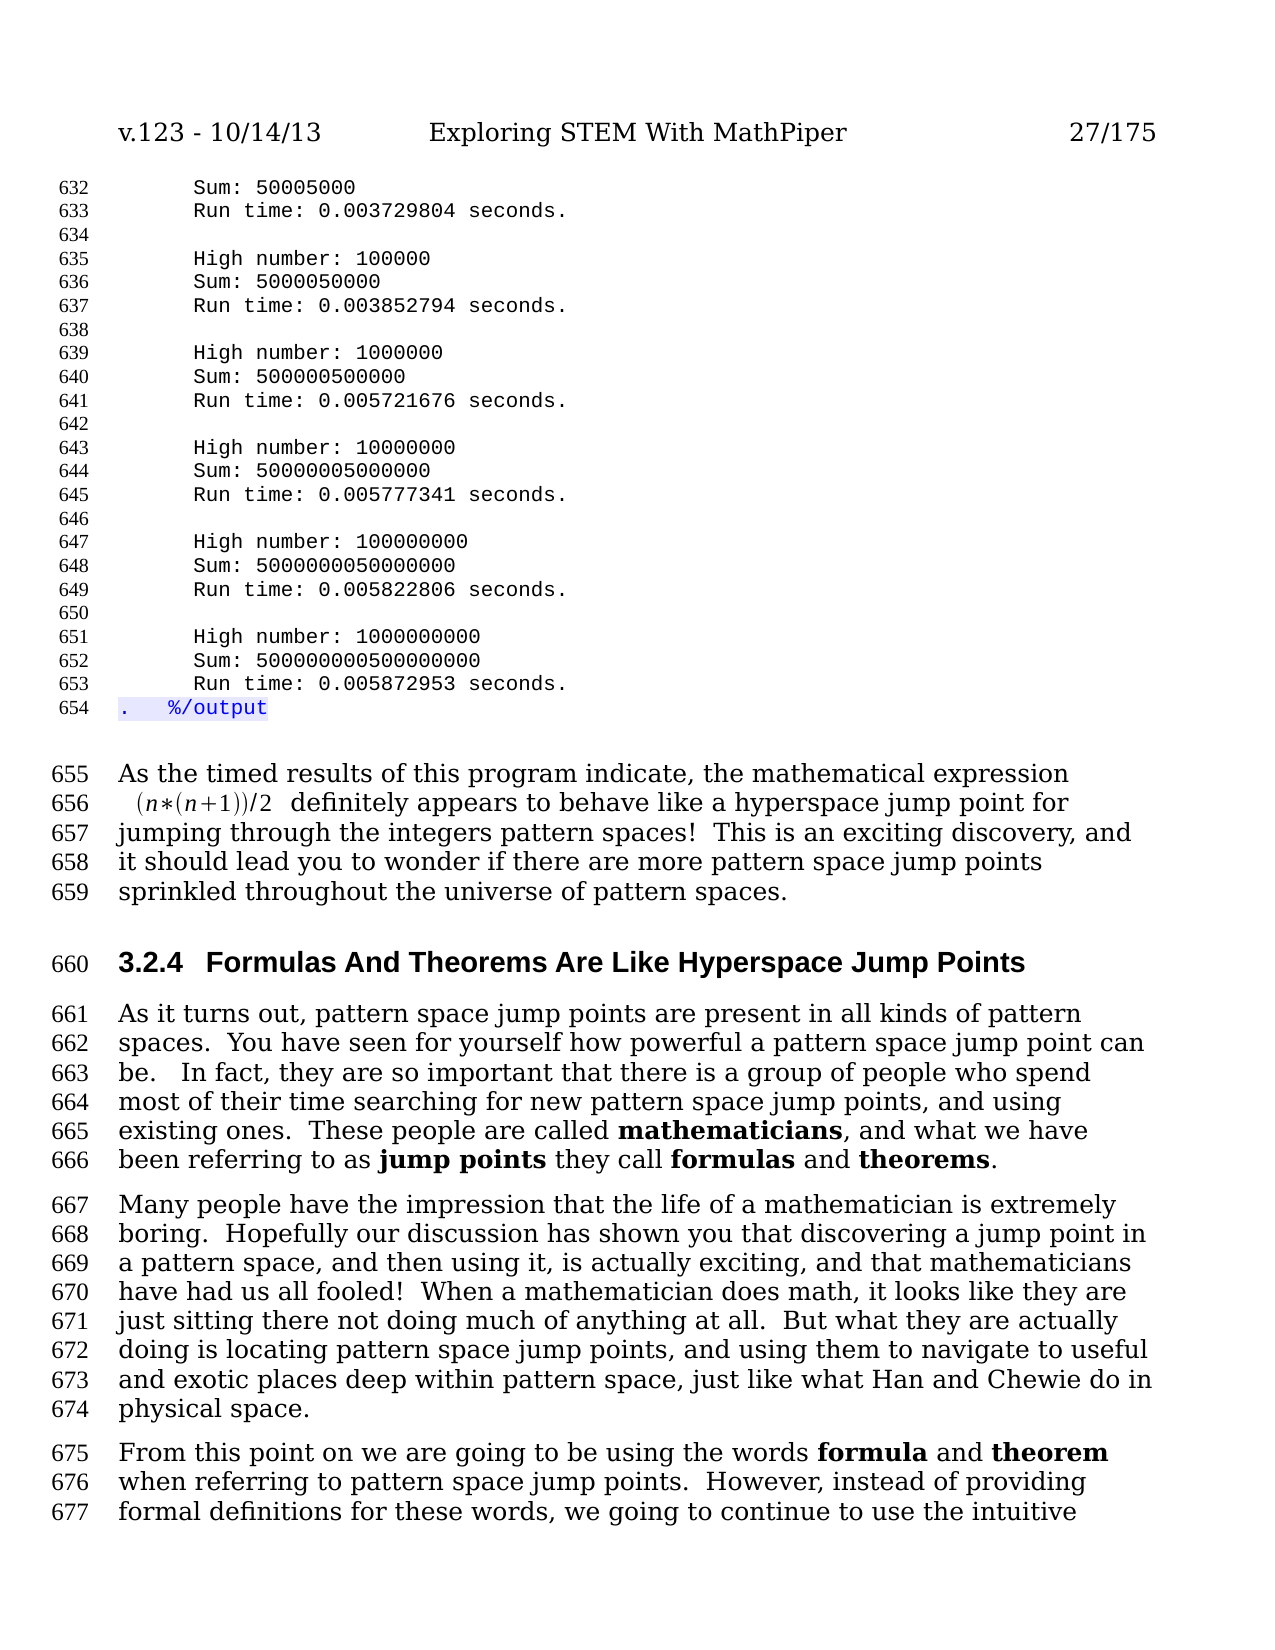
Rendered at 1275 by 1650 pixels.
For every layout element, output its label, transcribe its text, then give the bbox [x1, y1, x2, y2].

text Sum: 5000050000 [118, 271, 1157, 295]
text Run time: 0.005822806 seconds. [118, 579, 1157, 602]
text High number: 100000 [118, 248, 1157, 271]
text Sum: 500000000500000000 [118, 650, 1157, 673]
text From this point on we are going to be using the words formula and theorem when referring to pattern space jump points. However, instead of providing formal definitions for these words, we going to continue to use the intuitive [118, 1438, 1157, 1526]
text . %/output [118, 697, 1157, 721]
text Many people have the impression that the life of a mathematician is extremely boring. Hopefully our discussion has shown you that discovering a jump point in a pattern space, and then using it, is actually exciting, and that mathematicians have had us all fooled! When a mathematician does math, it looks like they are just sitting there not doing much of anything at all. But what they are actually doing is locating pattern space jump points, and using them to navigate to useful and exotic places deep within pattern space, just like what Han and Chewie do in physical space. [118, 1190, 1157, 1423]
text As the timed results of this program indicate, the mathematical expressiondefinitely appears to behave like a hyperspace jump point for jumping through the integers pattern spaces! This is an exciting discovery, and it should lead you to wonder if there are more pattern space jump points sprinkled throughout the universe of pattern spaces. [118, 759, 1157, 906]
text Sum: 50005000 [118, 177, 1157, 200]
text Run time: 0.003852794 seconds. [118, 295, 1157, 319]
text Sum: 5000000050000000 [118, 555, 1157, 579]
subtitle Formulas And Theorems Are Like Hyperspace Jump Points [118, 945, 1157, 978]
text Run time: 0.005872953 seconds. [118, 673, 1157, 697]
text High number: 1000000 [118, 342, 1157, 366]
text Run time: 0.005777341 seconds. [118, 484, 1157, 508]
text Run time: 0.003729804 seconds. [118, 200, 1157, 224]
text Sum: 500000500000 [118, 366, 1157, 389]
text As it turns out, pattern space jump points are present in all kinds of pattern spaces. You have seen for yourself how powerful a pattern space jump point can be. In fact, they are so important that there is a group of people who spend most of their time searching for new pattern space jump points, and using existing ones. These people are called mathematicians, and what we have been referring to as jump points they call formulas and theorems. [118, 999, 1157, 1175]
text High number: 10000000 [118, 437, 1157, 461]
text Sum: 50000005000000 [118, 461, 1157, 484]
text High number: 100000000 [118, 531, 1157, 555]
text Run time: 0.005721676 seconds. [118, 389, 1157, 413]
text High number: 1000000000 [118, 626, 1157, 650]
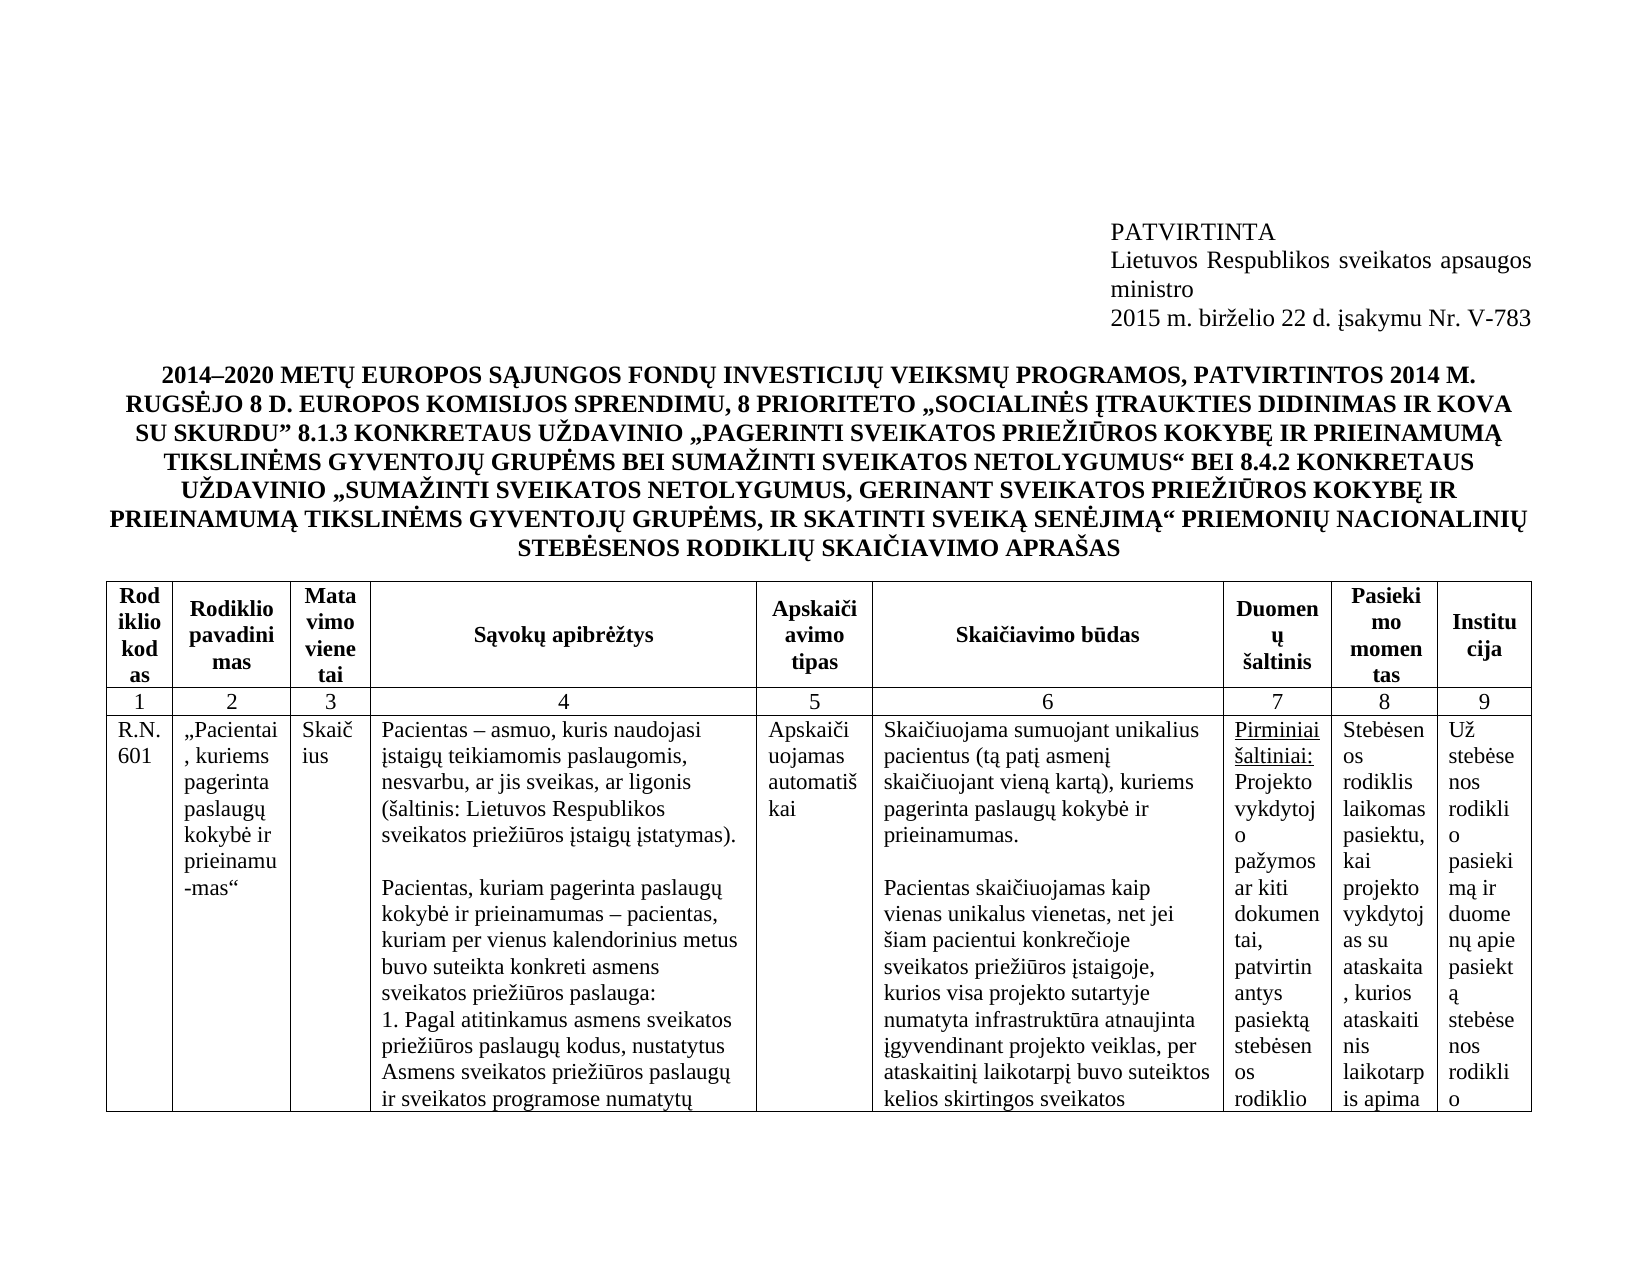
-*-*-
# The problem
Copy each line of the listing that holds the word "number".

# Final answer
text High number: 100000 [118, 248, 1157, 271]
text High number: 1000000 [118, 342, 1157, 366]
text High number: 10000000 [118, 437, 1157, 461]
text High number: 100000000 [118, 531, 1157, 555]
text High number: 1000000000 [118, 626, 1157, 650]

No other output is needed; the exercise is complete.